Trail Work Opportunities
The Appalachian Trail and the other footpaths we enjoy in Central Pennsylvania wouldn't exist without enlisting persons committed to preserving good trail construction. Trail management encompasses on-the-ground stewardship performed by volunteers and agency partners to maintain the Trail, its structures, and its natural and cultural resources. It includes keeping the footpath clear of natural overgrowth and blowdowns; building and relocating sections of the footpath, building and repairing shelters and other structures, and caring for overnight sites.

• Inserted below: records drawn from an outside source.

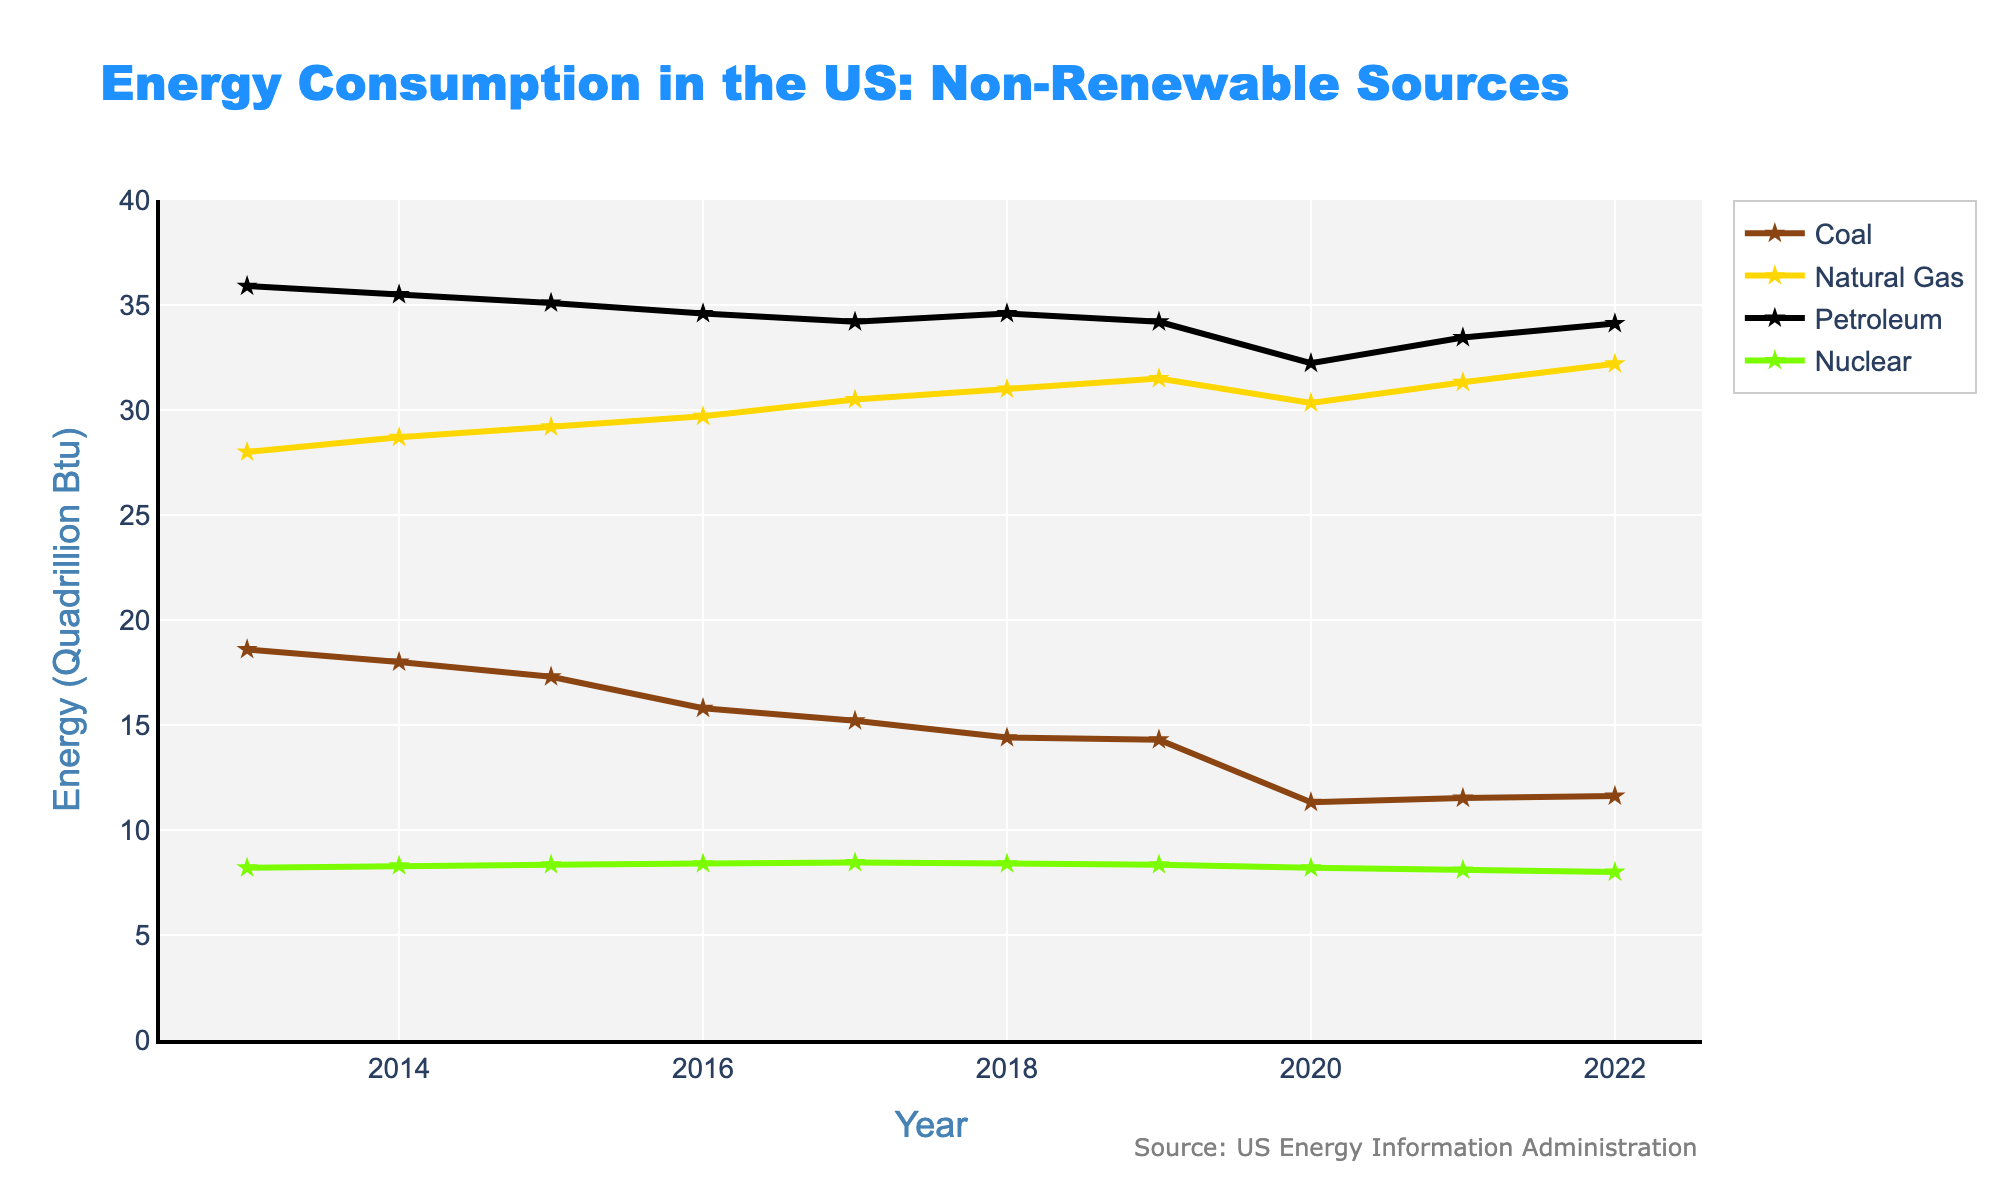What is the total non-renewable energy consumption in 2013? Look at the "Total Non-Renewable" data point for the year 2013 in the plot.
Answer: 90.70 Quadrillion Btu Which year had the lowest coal consumption? Look at the plot for the line representing Coal and find the data point with the lowest value.
Answer: 2020 What is the trend in natural gas consumption from 2013 to 2022? Observe the line representing Natural Gas in the plot over the years and describe whether it generally increases, decreases, or remains stable.
Answer: Increasing How much more petroleum was consumed in 2013 compared to 2022? Subtract the value of Petroleum consumption in 2022 from that in 2013.
Answer: 1.78 Quadrillion Btu In which year did the total non-renewable energy consumption fall below 85 Quadrillion Btu for the first time? Find the first data point in the Total Non-Renewable line that is less than 85 Quadrillion Btu.
Answer: 2020 Compare the difference between coal and nuclear energy consumption in 2020. Observe the values for Coal and Nuclear in 2020 and subtract the nuclear value from the coal value.
Answer: 3.12 Quadrillion Btu Which energy source had the highest consumption in 2021? Look at the values for each energy source in 2021 and identify the highest one.
Answer: Petroleum What is the general trend observed for total non-renewable energy consumption over the past decade? Observe the general direction of the Total Non-Renewable line from 2013 to 2022.
Answer: Decreasing What is the average consumption of nuclear energy over the past decade? Sum the values for Nuclear from 2013 to 2022 and divide by the number of years (10). (8.20 + 8.30 + 8.35 + 8.40 + 8.45 + 8.40 + 8.35 + 8.20 + 8.10 + 8.00)/10 = 8.275
Answer: 8.275 Quadrillion Btu Which year saw the smallest change in total non-renewable energy consumption compared to the previous year? Find the year-to-year changes in the Total Non-Renewable line and identify the smallest absolute change.
Answer: 2017 
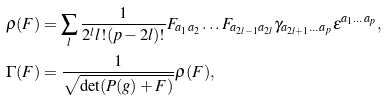<formula> <loc_0><loc_0><loc_500><loc_500>\rho ( F ) & = \sum _ { l } \frac { 1 } { 2 ^ { l } l ! ( p - 2 l ) ! } F _ { a _ { 1 } a _ { 2 } } \dots F _ { a _ { 2 l - 1 } a _ { 2 l } } \gamma _ { a _ { 2 l + 1 } \dots a _ { p } } \epsilon ^ { a _ { 1 } \dots a _ { p } } , \\ \Gamma ( F ) & = \frac { 1 } { \sqrt { \det ( P ( g ) + F ) } } \rho ( F ) ,</formula> 
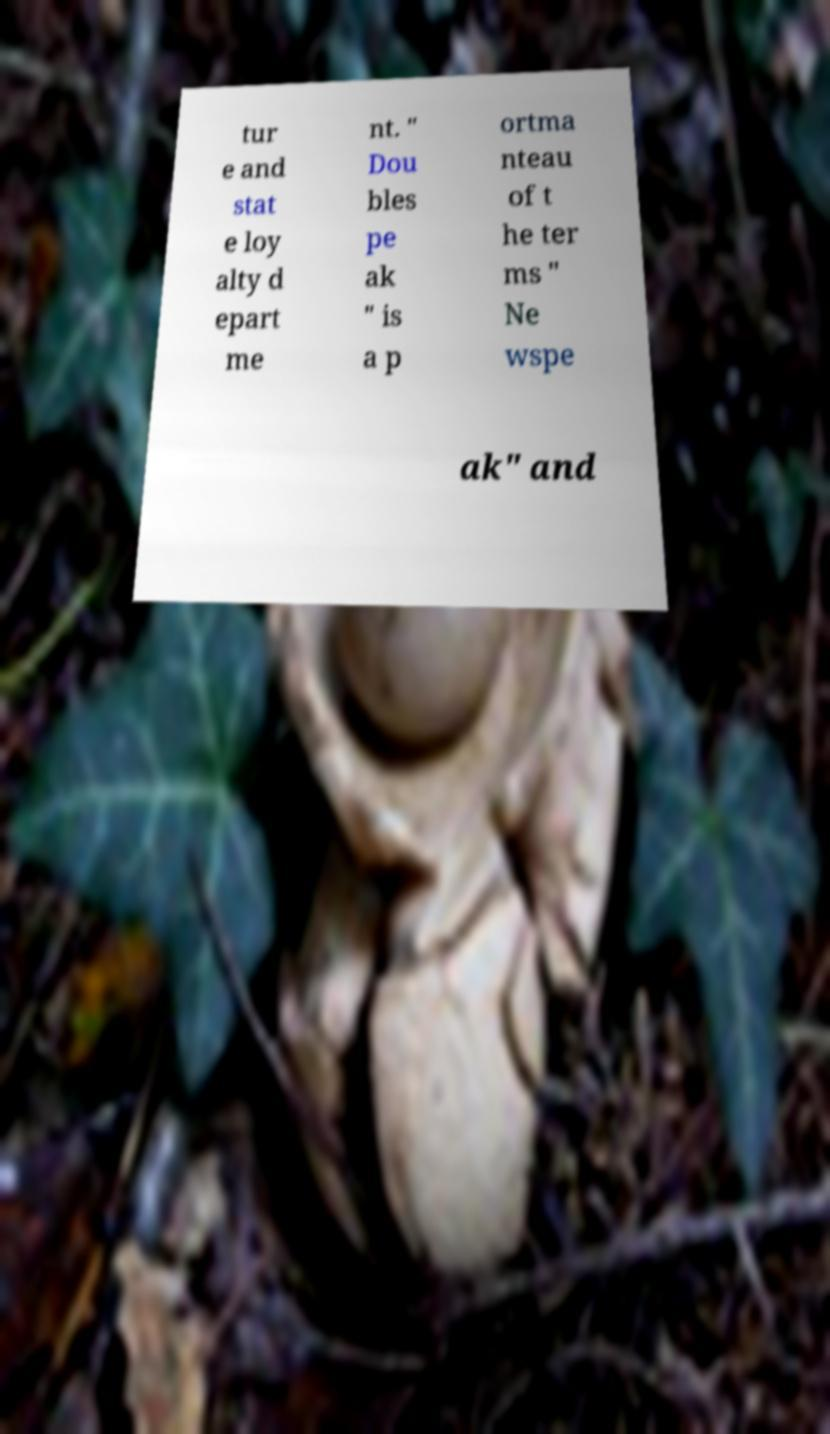I need the written content from this picture converted into text. Can you do that? tur e and stat e loy alty d epart me nt. " Dou bles pe ak " is a p ortma nteau of t he ter ms " Ne wspe ak" and

SATC coordinates the efforts of individual volunteers who care specifically for assigned segments of SATC's 20-mile section of the A.T., the Peters Mountain Shelter and privy, side trails to the A.T., and the entire 7.5 miles of the Darlington Trail on the Cumberland County/Perry County border along the ridge of Blue Mountain.
Volunteer with the ATC's Corridor Program
For those adventurous souls who like getting off the beaten path and enjoy helping with hands-on land conservation: consider volunteering with the ATC's Corridor Program. ATC will be hosting a Corridor Training Workshop on November 9th at the Scott Farm Appalachian Trail Work Center in Carlisle, PA with volunteers from the Mountain Club of Maryland (and other interested, potential volunteers). In the classroom and in the field, attendees will learn about boundary monitoring, maintenance and encroachment mitigation. They will also be trained in additional skills including compass navigation and survey map interpretation. If you're interested in joining, please email ATC Mid-Atlantic Corridor Stewardship Coordinator Nicole Wooten or call her at 717.258.5771.
Scheduled group activities occur in the spring, summer, and fall. These group work trips are announced on this web page when scheduled quarterly with other SATC activities. SATC Trailmaster, Jeff Buehler, has served SATC for over 15 years. His experience and training ensures that SATC provides one of the best-maintained stretches of the A.T.Read the 2013 Annual SATC Trailmaster Report.
Between ice storms, hurricanes, and sometimes even unusually good weather for ongoing projects, your help is needed for morethan work trips listed here. Call-up trail work trips are announced by e-mail alerts sent directly to volunteers on SATC's trail workers list.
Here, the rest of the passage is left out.